Politicians are currently answering questions like: “Knowing what we know now, would you have supported invading Iraq in 2003?” Hindsight will not alter that decision or the devastating 2011 decision to leave before we secured the gains made. Now Iraq is in chaos.

The recent ISIS takeover of Ramadi the provincial capital of Anbar province is particularly heartbreaking because this is where, in 2007 a surge of U.S. forces waged a block-by-block battle to reclaim the city from insurgents. It’s where, it was hoped, Iraqis would turn the tide and drive ISIS west and away from Baghdad. Instead ISIS drove some of the best Iraqi troops out of Ramadi. The US-led campaign of airstrikes in support of Iraqi forces isn’t working. Yes, we have been training and supporting Iraqi forces. But the defense of Ramadi was largely left to local small numbers of Sunni tribesmen. Local police fled by the hundreds. Its fall is a military humiliation and a humanitarian disaster.

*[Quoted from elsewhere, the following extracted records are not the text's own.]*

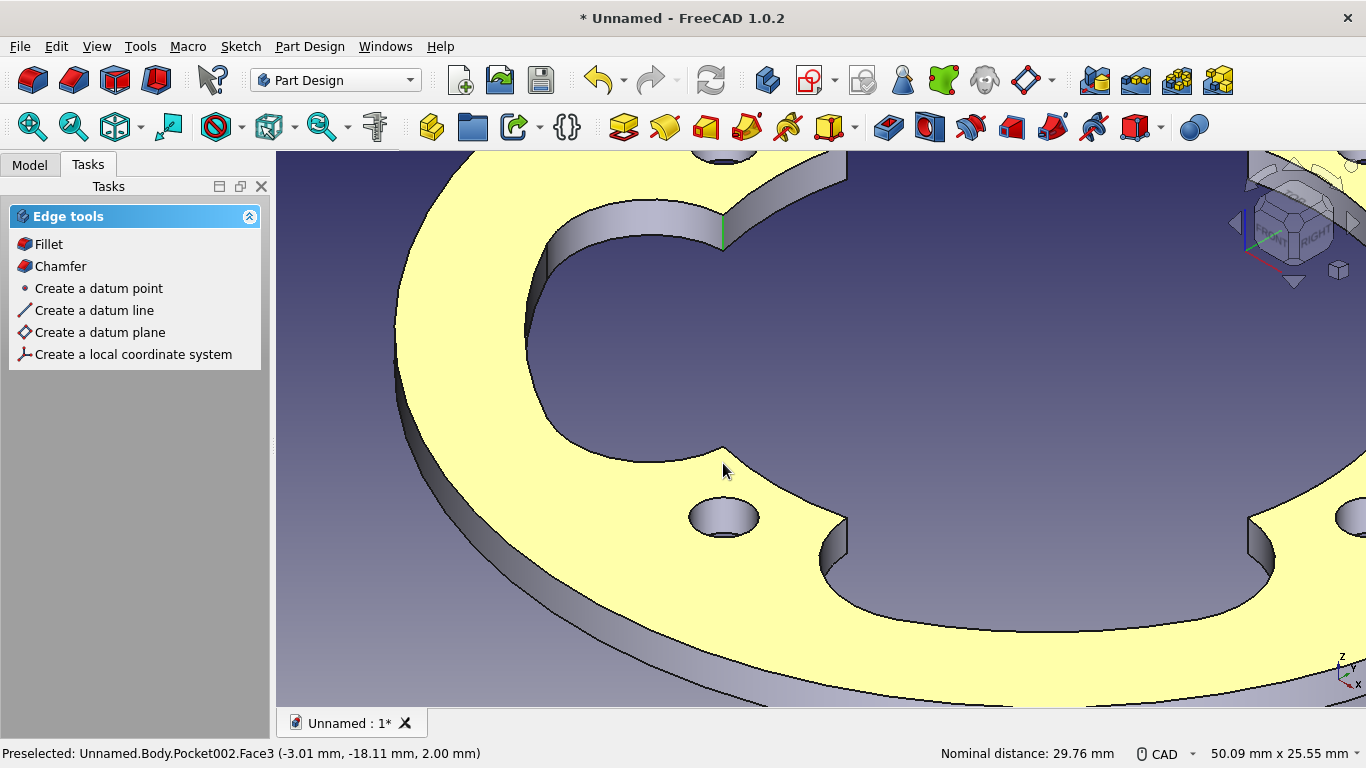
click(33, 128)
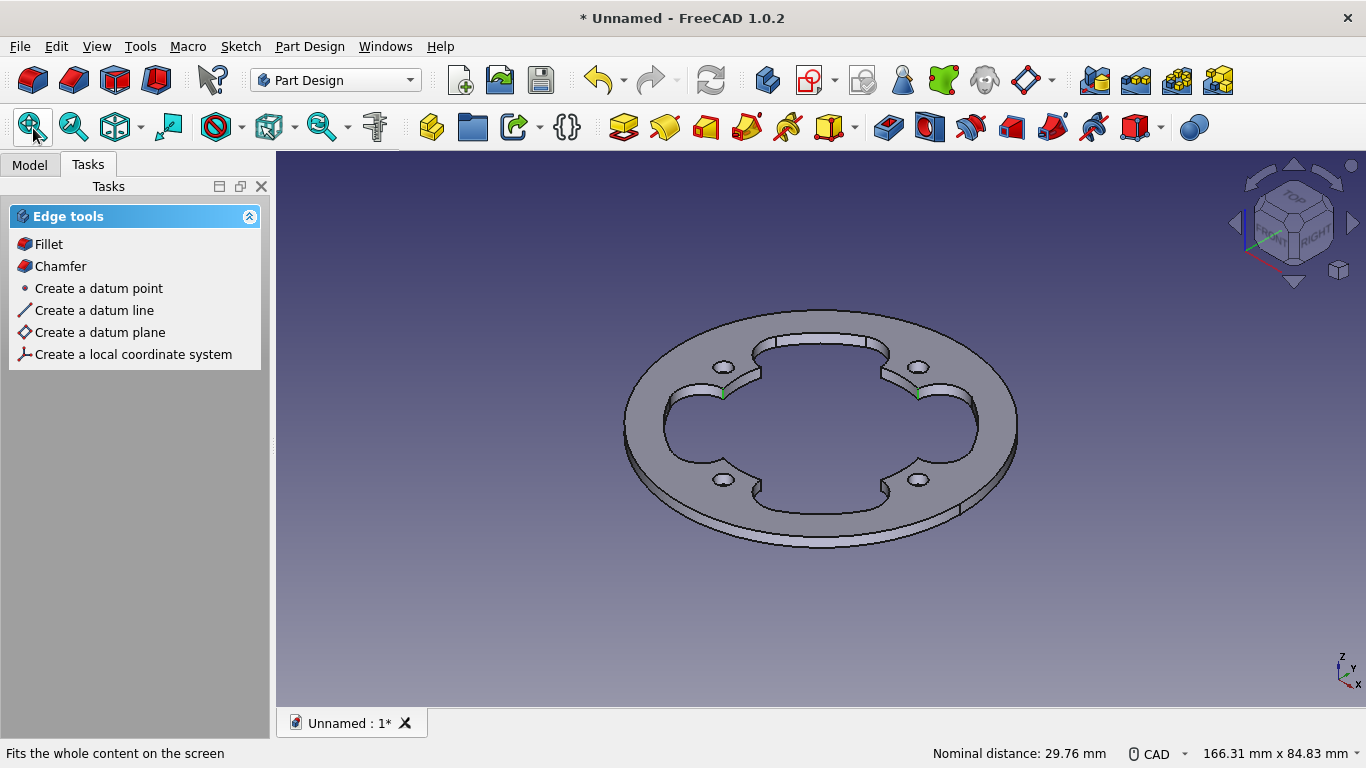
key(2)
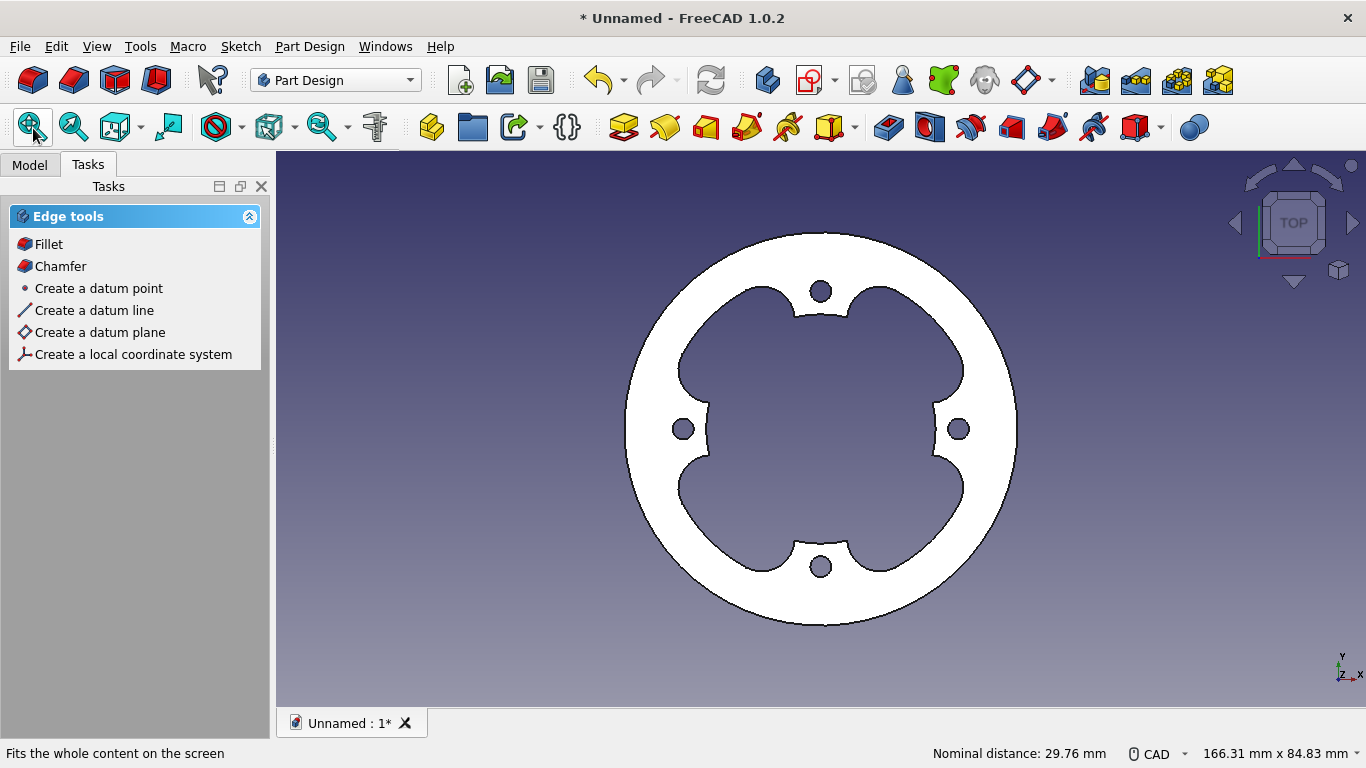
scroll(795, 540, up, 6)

Iraq is home to one of the oldest continuous Christian communities in the world, some of whose members still speak Aramaic, the language Jesus spoke. There’s been a Christian exodus. The Wall Street Journal reports on it regularly. There were 1.5 million Christians in Iraq before we went in in 2003. Now there are 200,000. In the past year, ISIS drove about 125,000 from their homes. This is a national tragedy. Iraqi Prime Minister Haider el-Abadi says, “There is no Iraq without Christians.”

As much of the Arab world has swung over to Islamist thinking, the Christian presence has become increasingly fragile. In Iraq and Syria unarmed Christians are being killed in the name of radical Islam. Others flee.

The period in which Christians survived because they received a measure of protection from strong rulers – Bashar Assad in Syria, Saddam Hussein in Iraq – is over. Local Muslims who hated these leaders are now free to retaliate against the Christians who supported them.

Christians have always helped stabilize the region. Foreign affairs scholar, Walter Russell Meade writes, “The loss of a meaningful Christian presence in the Middle East could further polarize relations between Christians and Muslims around the world — and bring us a step closer to the kind of ‘clash of civilizations’ no sensible person wishes to see.”

The U.S. is the only country that can really help Iraq get rid of ISIS. Whether we do that or not, Professor Mead says the U.S. has 3 options: help the Christians defend themselves, assist them in escaping and finding new homes, or wring our hands and watch them perish.

Miles Windsor wrote in the Journal, “Most Christians in the Middle East retain their spiritual hope, but they are losing their temporal hope:  They fear that they will never return to their ancestral lands, and that the Christian presence in the region might disappear.” We should pray, and beg our leaders to pay attention.